Railway station in Iijima, Nagano Prefecture, Japan

Ina-Hongō Station (伊那本郷駅, Ina-Hongō-eki) is a railway station on the Iida Line in the town of Iijma, Kamiina District Nagano Prefecture, Japan, operated by Central Japan Railway Company (JR Central).

==Lines==
Ina-Hongō Station is served by the Iida Line and is 155.1 kilometers from the starting point of the line at Toyohashi Station.

==Station layout==
The station consists of two ground-level opposed side platforms connected by a level crossing.
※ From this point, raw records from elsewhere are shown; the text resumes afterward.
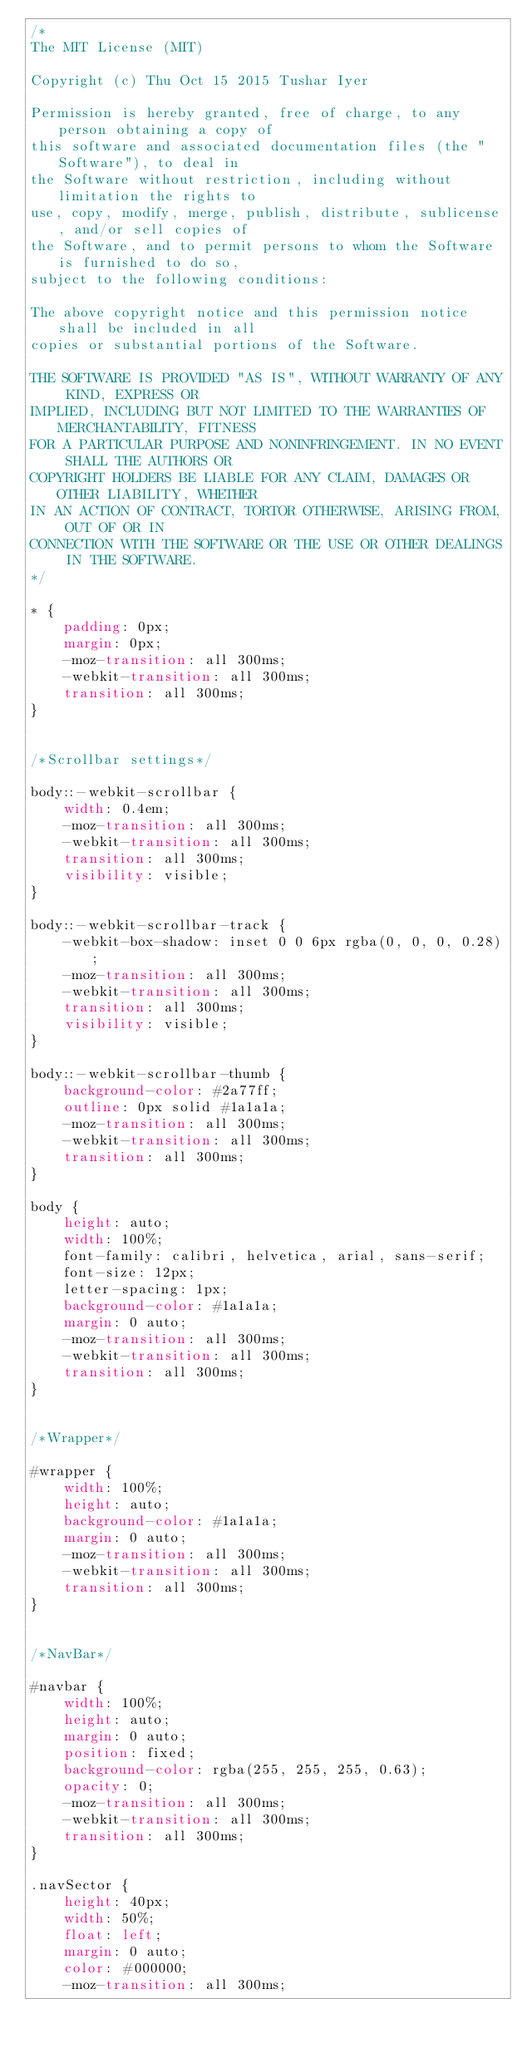Convert code to text. <code><loc_0><loc_0><loc_500><loc_500><_CSS_>/*
The MIT License (MIT)

Copyright (c) Thu Oct 15 2015 Tushar Iyer

Permission is hereby granted, free of charge, to any person obtaining a copy of
this software and associated documentation files (the "Software"), to deal in
the Software without restriction, including without limitation the rights to
use, copy, modify, merge, publish, distribute, sublicense, and/or sell copies of
the Software, and to permit persons to whom the Software is furnished to do so,
subject to the following conditions:

The above copyright notice and this permission notice shall be included in all
copies or substantial portions of the Software.

THE SOFTWARE IS PROVIDED "AS IS", WITHOUT WARRANTY OF ANY KIND, EXPRESS OR
IMPLIED, INCLUDING BUT NOT LIMITED TO THE WARRANTIES OF MERCHANTABILITY, FITNESS
FOR A PARTICULAR PURPOSE AND NONINFRINGEMENT. IN NO EVENT SHALL THE AUTHORS OR
COPYRIGHT HOLDERS BE LIABLE FOR ANY CLAIM, DAMAGES OR OTHER LIABILITY, WHETHER
IN AN ACTION OF CONTRACT, TORTOR OTHERWISE, ARISING FROM, OUT OF OR IN
CONNECTION WITH THE SOFTWARE OR THE USE OR OTHER DEALINGS IN THE SOFTWARE.
*/

* {
    padding: 0px;
    margin: 0px;
    -moz-transition: all 300ms;
    -webkit-transition: all 300ms;
    transition: all 300ms;
}


/*Scrollbar settings*/

body::-webkit-scrollbar {
    width: 0.4em;
    -moz-transition: all 300ms;
    -webkit-transition: all 300ms;
    transition: all 300ms;
    visibility: visible;
}

body::-webkit-scrollbar-track {
    -webkit-box-shadow: inset 0 0 6px rgba(0, 0, 0, 0.28);
    -moz-transition: all 300ms;
    -webkit-transition: all 300ms;
    transition: all 300ms;
    visibility: visible;
}

body::-webkit-scrollbar-thumb {
    background-color: #2a77ff;
    outline: 0px solid #1a1a1a;
    -moz-transition: all 300ms;
    -webkit-transition: all 300ms;
    transition: all 300ms;
}

body {
    height: auto;
    width: 100%;
    font-family: calibri, helvetica, arial, sans-serif;
    font-size: 12px;
    letter-spacing: 1px;
    background-color: #1a1a1a;
    margin: 0 auto;
    -moz-transition: all 300ms;
    -webkit-transition: all 300ms;
    transition: all 300ms;
}


/*Wrapper*/

#wrapper {
    width: 100%;
    height: auto;
    background-color: #1a1a1a;
    margin: 0 auto;
    -moz-transition: all 300ms;
    -webkit-transition: all 300ms;
    transition: all 300ms;
}


/*NavBar*/

#navbar {
    width: 100%;
    height: auto;
    margin: 0 auto;
    position: fixed;
    background-color: rgba(255, 255, 255, 0.63);
    opacity: 0;
    -moz-transition: all 300ms;
    -webkit-transition: all 300ms;
    transition: all 300ms;
}

.navSector {
    height: 40px;
    width: 50%;
    float: left;
    margin: 0 auto;
    color: #000000;
    -moz-transition: all 300ms;</code> 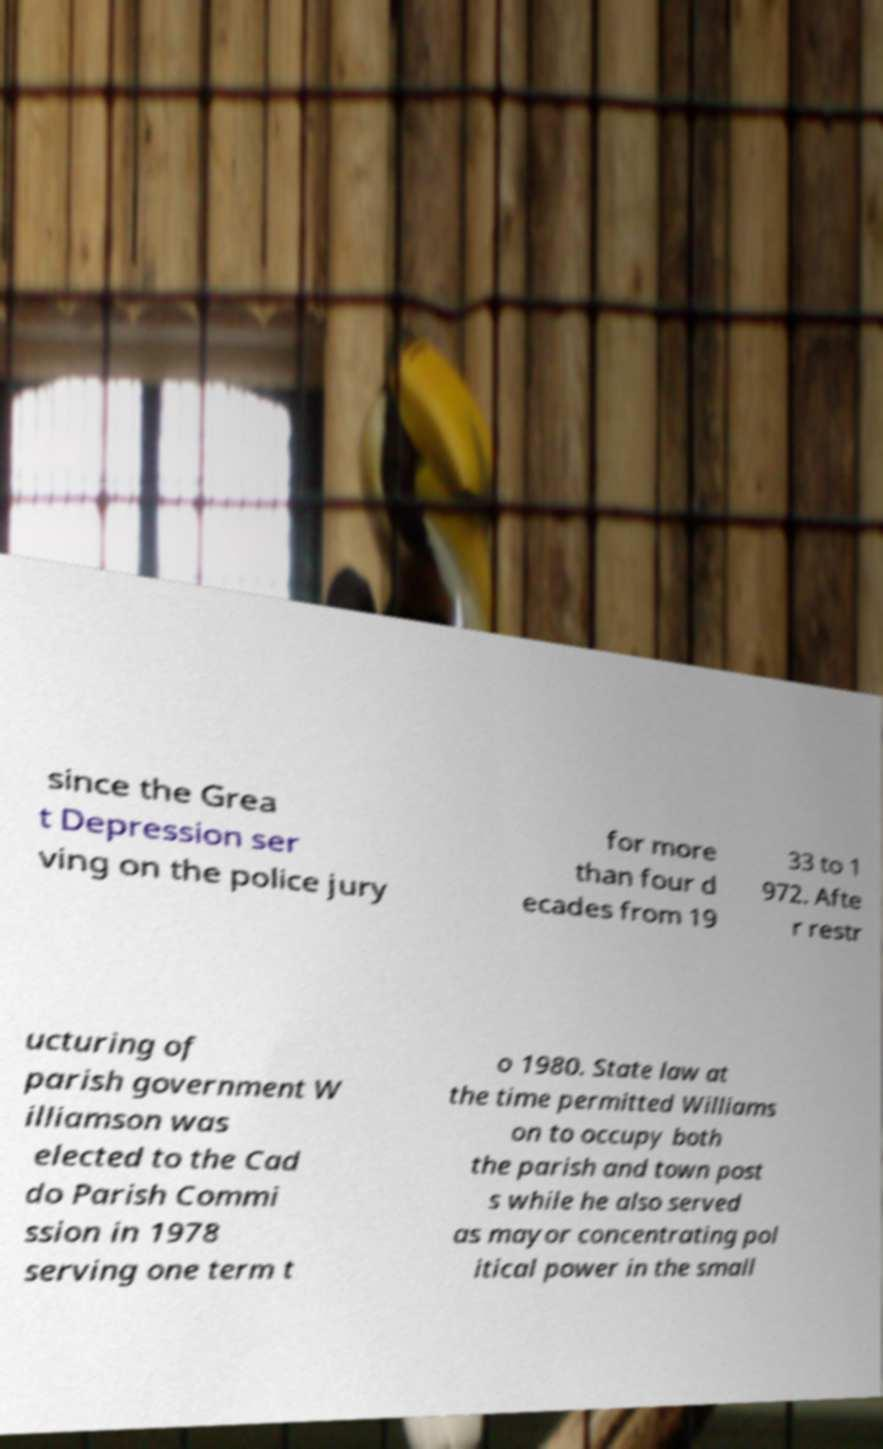What messages or text are displayed in this image? I need them in a readable, typed format. since the Grea t Depression ser ving on the police jury for more than four d ecades from 19 33 to 1 972. Afte r restr ucturing of parish government W illiamson was elected to the Cad do Parish Commi ssion in 1978 serving one term t o 1980. State law at the time permitted Williams on to occupy both the parish and town post s while he also served as mayor concentrating pol itical power in the small 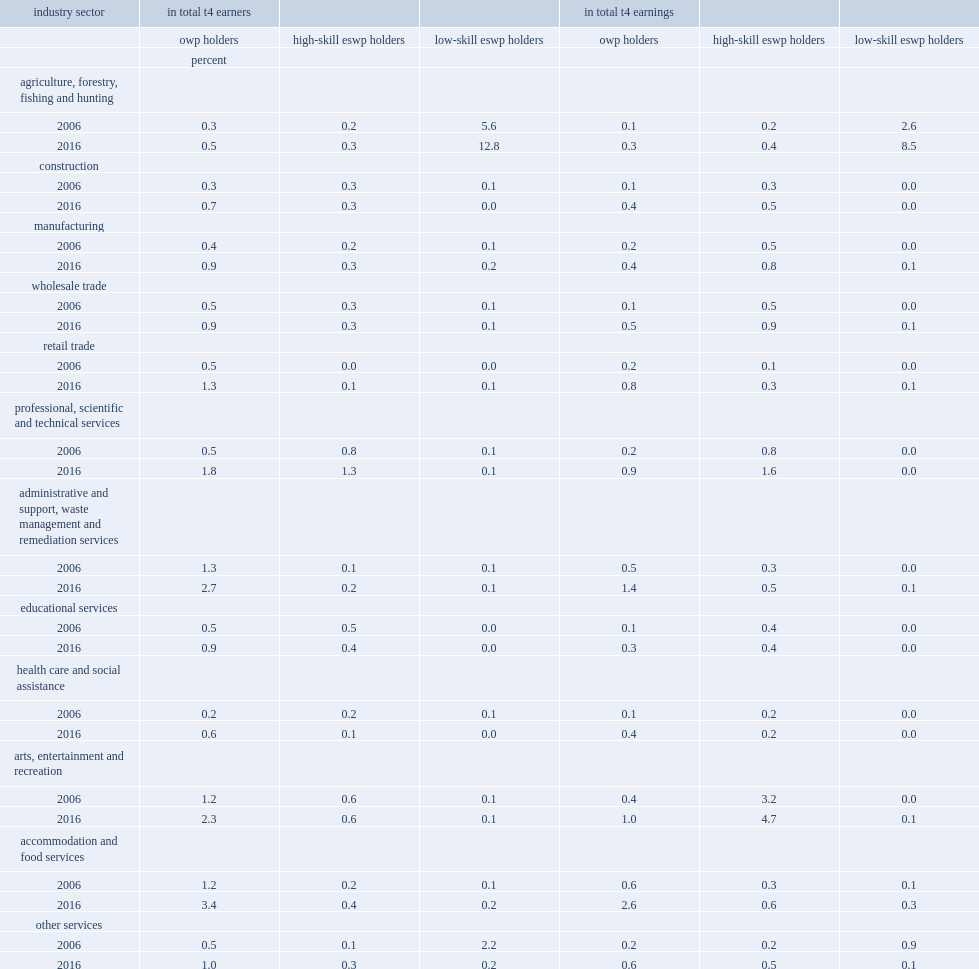What the percentage of the total t4 earners did owp holders account for in accommodation and food services in 2016? 3.4. What the percentage of the total t4 earnings did owp holders account for in accommodation and food services in 2016? 2.6. What the percentage of the total t4 earners did low-skill eswp holders account for in agriculture, forestry, fishing and hunting in 2016? 12.8. What the percentage of the total t4 earnings did low-skill eswp holders account for in agriculture, forestry, fishing and hunting in 2016? 8.5. 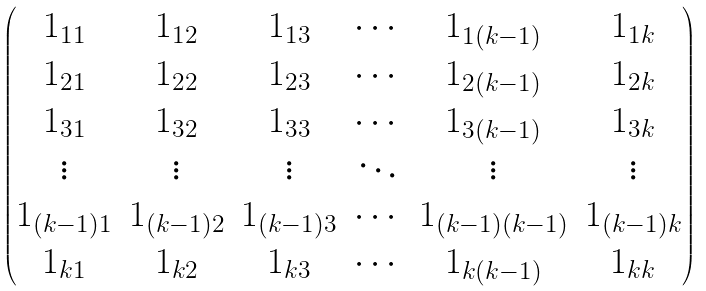<formula> <loc_0><loc_0><loc_500><loc_500>\begin{pmatrix} 1 _ { 1 1 } & 1 _ { 1 2 } & 1 _ { 1 3 } & \cdots & 1 _ { 1 ( k - 1 ) } & 1 _ { 1 k } \\ 1 _ { 2 1 } & 1 _ { 2 2 } & 1 _ { 2 3 } & \cdots & 1 _ { 2 ( k - 1 ) } & 1 _ { 2 k } \\ 1 _ { 3 1 } & 1 _ { 3 2 } & 1 _ { 3 3 } & \cdots & 1 _ { 3 ( k - 1 ) } & 1 _ { 3 k } \\ \vdots & \vdots & \vdots & \ddots & \vdots & \vdots \\ 1 _ { ( k - 1 ) 1 } & 1 _ { ( k - 1 ) 2 } & 1 _ { ( k - 1 ) 3 } & \cdots & 1 _ { ( k - 1 ) ( k - 1 ) } & 1 _ { ( k - 1 ) k } \\ 1 _ { k 1 } & 1 _ { k 2 } & 1 _ { k 3 } & \cdots & 1 _ { k ( k - 1 ) } & 1 _ { k k } \\ \end{pmatrix}</formula> 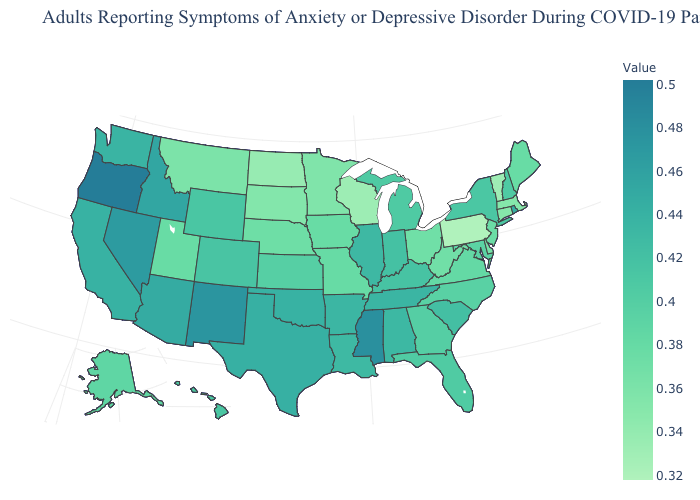Does the map have missing data?
Keep it brief. No. Which states have the lowest value in the USA?
Quick response, please. Pennsylvania. Does North Dakota have a lower value than Oregon?
Short answer required. Yes. Which states have the lowest value in the USA?
Short answer required. Pennsylvania. Among the states that border Massachusetts , which have the highest value?
Be succinct. Rhode Island. Which states have the lowest value in the USA?
Concise answer only. Pennsylvania. 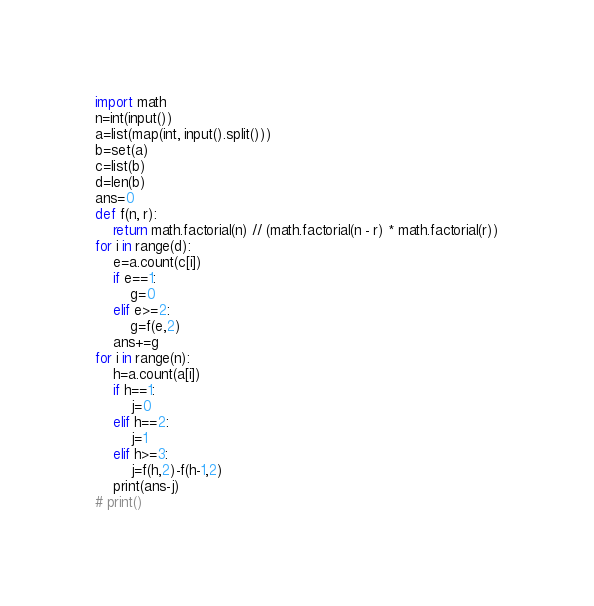<code> <loc_0><loc_0><loc_500><loc_500><_Python_>import math
n=int(input())
a=list(map(int, input().split()))
b=set(a)
c=list(b)
d=len(b)
ans=0
def f(n, r):
    return math.factorial(n) // (math.factorial(n - r) * math.factorial(r))
for i in range(d):
    e=a.count(c[i])
    if e==1:
        g=0
    elif e>=2:
        g=f(e,2)
    ans+=g
for i in range(n):
    h=a.count(a[i])
    if h==1:
        j=0
    elif h==2:
        j=1
    elif h>=3:
        j=f(h,2)-f(h-1,2)
    print(ans-j)
# print()
</code>

The station is unattended.

===Platforms===

| 1 | ■ Iida Line | for Iida and Tenryūkyō |
| 2 | ■ Iida Line | for Tatsuno |

==Adjacent stations==

| « |  | Service | » |  |
Iida Line
Rapid Misuzu: Does not stop at this station
| Nanakubo |  | Local |  | Iijima |

==History==
Ina-Hongō Station opened on 23 July 1918. With the privatization of Japanese National Railways (JNR) on 1 April 1987, the station came under the control of JR Central. The present station building was completed in 2009.

==Passenger statistics==
In fiscal 2016, the station was used by an average of 43 passengers daily (boarding passengers only).

==Surrounding area==
The station is located in a rural area surrounded by orchards.